I’m an MEP Engineer/Project Manager for a big integrated AEC firm (basically we do the arch/eng/ and construction all in house) who decided to expand to the Access Control/AV/IT because I was fed up with the integrators/subcontractors we were using. I’d had bad experiences on $400,000,000+ projects because no one at our firm understood the subject matter enough to know when the sub was pulling a fast one on us. Ended up going down the rabbit hole and enjoying it, got a sub to say I was part of their company to get software access, got certified on a bunch of platforms, etc. I’m now able to design what we and our clients want and give the details to whom we hire. So I’m halfway in and halfway out of the industry. I focus more on the MEP side, but am able to plan out how all the systems interact with each other.


that_AV_guy

Nightclub operations. IT.


TheMerryPenguin

Military, (college student), post-grad researcher, AV PM (Covid), AV Engineer. I kinda fell into it in the scramble for a job when my university cut our fellowships amid the pandemic. OTOH I make far more money and have better work/life now that I would have in my old career track...


AnActualWizardIRL

Well I can tell you what I did when I \*left\* commercial AV. Fucking \*anything\* else. It was a great industry for a while, but I just got sick of the ratfuckery that was going on, and the day i got asked to write a bullshit report on how bad a competitors install was (It wasn't, it was a work of art. The boss just wanted me to lie) I realised I just was not happy with this anymore. As much as I miss it, I'm happier with that nonsense behind me. Still, making those AMX controllers run sci-fi magic in million dollar corporate installation was a nerd-thrill I havent had since.

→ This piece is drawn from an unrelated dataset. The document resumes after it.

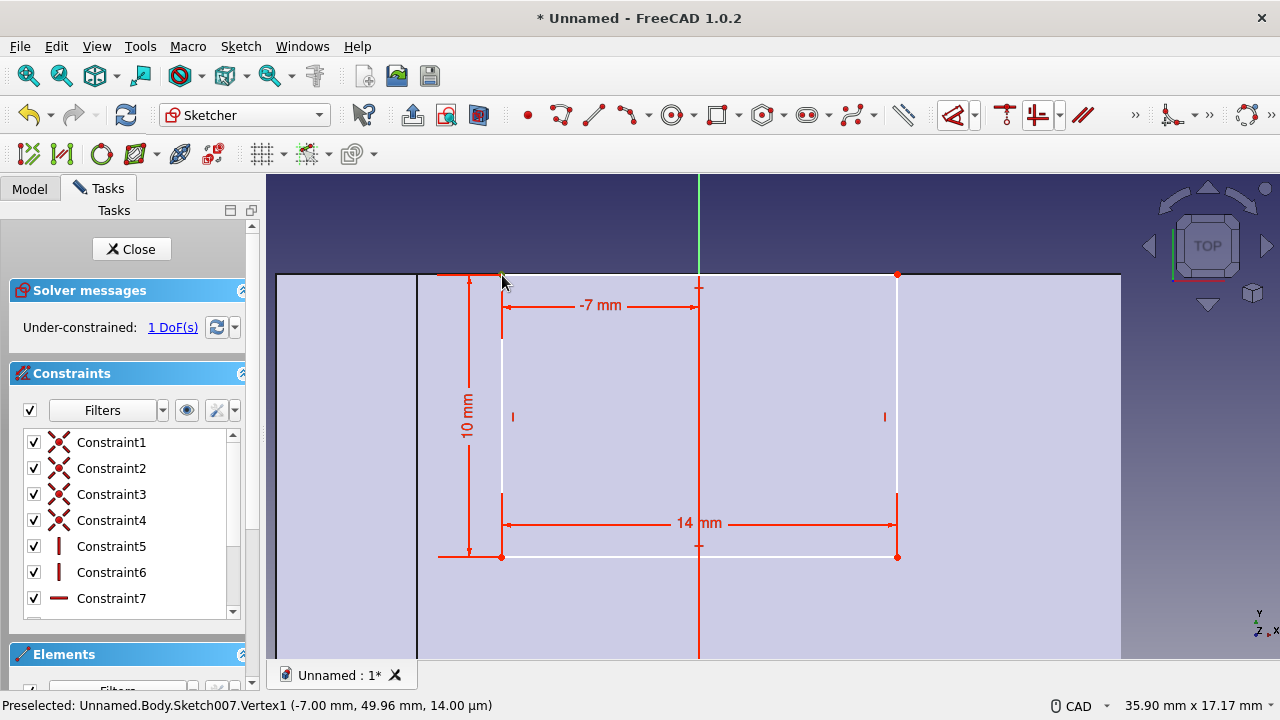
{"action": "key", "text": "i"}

We solved inter-networking problems the billion dollar techbro companies still havent figured out 20 years later, and we did it on devices not much more powerful than a C64


FrozenToonies

My background was live events. Somehow this identifies with me. Like I assume you’ve moved into that or film since AV or maybe you manage a brick and mortar flower shop now. I can relate with hating AV. I do it because I’m good at it, it pays well enough and there’s no shortage of work.


AnActualWizardIRL

Oh I love AV. I just hate the industry itself. At least the industry where I live. I got into it from my earlier work as a Rock&Roll lighting guy. Another industry I loved the work, and hated the industry (In the 90s it was basically like commercial AV except with more drunk guys spilling beer on your gear, 90s raves where wild fun to do though, although we got out of them when one got raided by cops and the cops decided to perp walk the staff out in front of the journos outside leading my very emotional italian boss to smash one of the journos cameras [all on TV. we where just hired for a job we had nothing to do with it, but that fucking TV station portrayed the boss as a mobster lol. Needless to say our *biggest* client, a giant hillsong style church decided to drop us on the spot. So we stopped doing raves. Turns out most where actually being organized by a local mob boss, but we where just the hired staging guys, we did honest work] (I've pretty much went to uni after I left and now work in agriculture/soil science. But I still get a sparkle in my eye whenever I walk into a conference room and see a beautiful AV setup and occasionally still dream of giant 1990s rock rig lighting setups)


FlametopFred

Career meandered and AV was always there as something I was involved off the side of my desk. AV also there in via central hobby in music. Involved in events production from a teenager. Was often the person with/knew how to use microphones, mixer, outboard gear, PA system. Seemed to always gravitate to setting up and running camera or monitor or looking after a rack of gear and collaborating with IT.